On August 5, Jammu and Kashmir (J&K) observed the first anniversary of what’s unarguably the darkest period in its history since October 1947 when the ruler of the former princely state situated on the boundary with Pakistan opted to “accede” to the Indian Union -- rather than “merge” -- under guarantees of a special dispensation.
The circumstances were as extraordinary as ominous, and included war with just created Pakistan and international diplomacy and politics involving the UN in which the great powers seemed inclined to lean toward Pakistan.
The people of the former state, which was forcibly made a Union Territory by the Centre last August, have been reduced in the past year to conditions of abject wretchedness through acts of contemptuous disregard and state violence long before the country was officially locked down to deal with the threat from the new corona virus.
Their rights as people evaporated, Kashmir valley veritably became a vast military site, there was a communications blackout with mobile phones and the Internet services being withdrawn, and people’s livelihoods were destroyed for the most part. The health and education systems collapsed.
Some 7,000 Kashmiris were jailed on a preventive basis, including the entire political class (except those with BJP connections). The youngest to be interned was nine years old.
These baleful aspects, the burying of normal democratic decencies and processes in Kashmir, and the introduction of policies that belong in a militarised state, are recorded in ample detail in a recent report of the Human Rights Forum for J&K -- of which the present writer is a member -- elsewhere in this edition.
The Pakistan-backed militancy, supported by the ideology of religious extremism, had also brought great misery for Kashmir thirty years ago, and caused widespread, and long-term, destruction and annihilation of human rights (and engendered the Kashmiri Pandit problem). 

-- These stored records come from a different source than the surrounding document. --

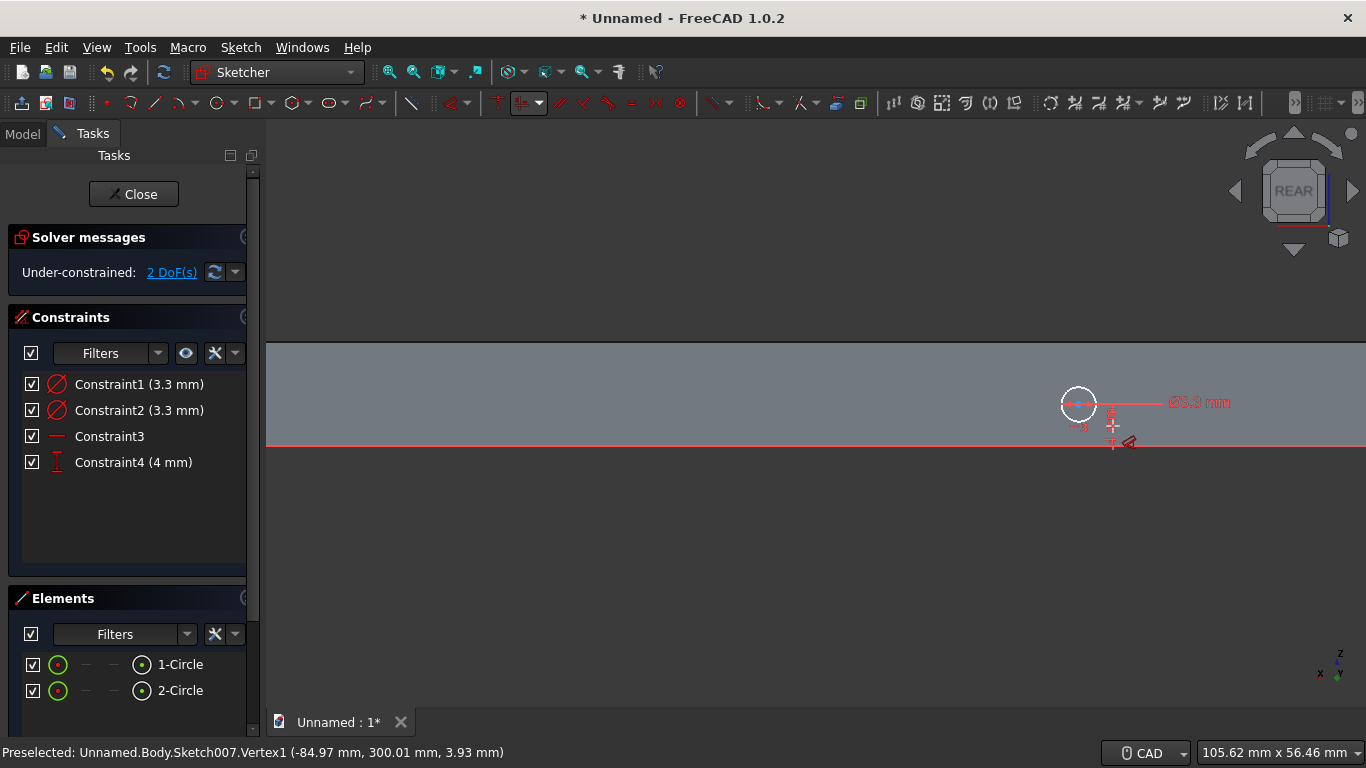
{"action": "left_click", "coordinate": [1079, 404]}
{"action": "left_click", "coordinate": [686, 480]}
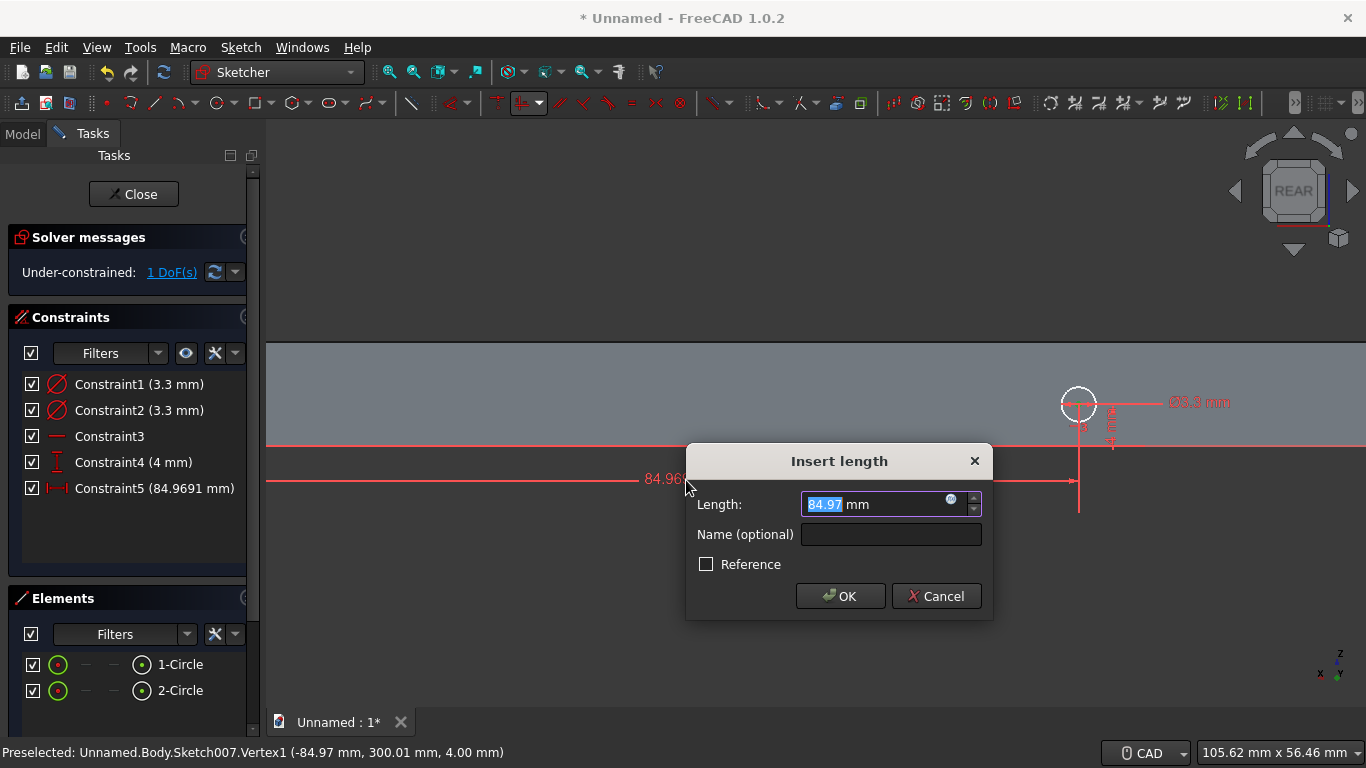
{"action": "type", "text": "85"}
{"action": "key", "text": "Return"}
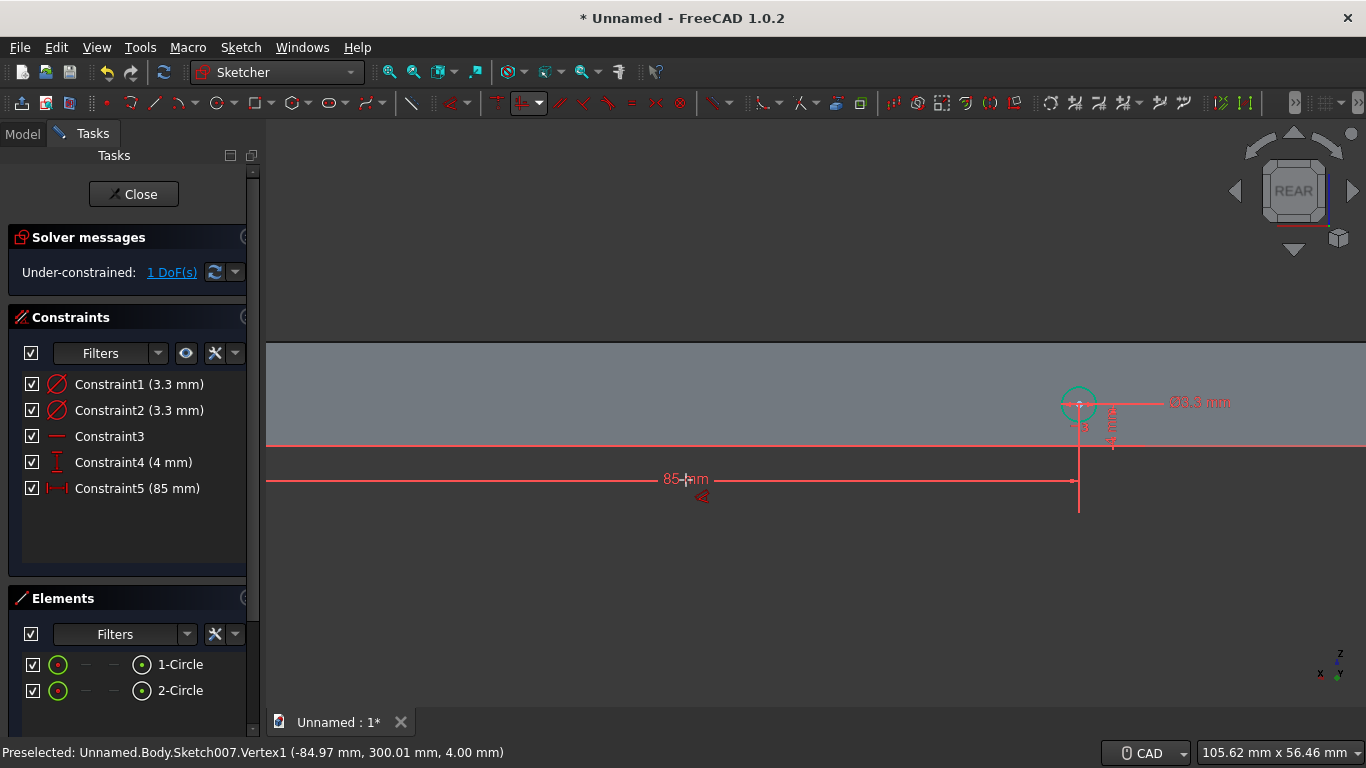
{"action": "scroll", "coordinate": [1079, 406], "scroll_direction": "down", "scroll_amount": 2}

However, the events of the past year are testimony to mass-scale repression by the democratic Indian state, rather than its enemies. It is a long and shameful story, a story of state sin toward its own citizens. 
Just before the phones were disconnected, and rumours began to swirl, lakhs of people sent “Good-bye” messages to their near and dear ones, fearing the worst. An additional military force of 38,000 was unexpectedly inducted into the valley which is no more than 130 kilometres long and 30 kilometres wide, and has a meagre population of 70 lakh, to supplement an estimated pre-existing armed forces presence of around five lakh soldiers. (For comparison, China has assembled a force of 40,000 in eastern Ladakh. This is viewed as readying for war.) 
Under the Orwellian eco-system brought into existence, the newspapers have stopped writing ground reports and editorial opinion. Instead, they carry lengthy government hand-outs and discourses on philosophy, health and gardening.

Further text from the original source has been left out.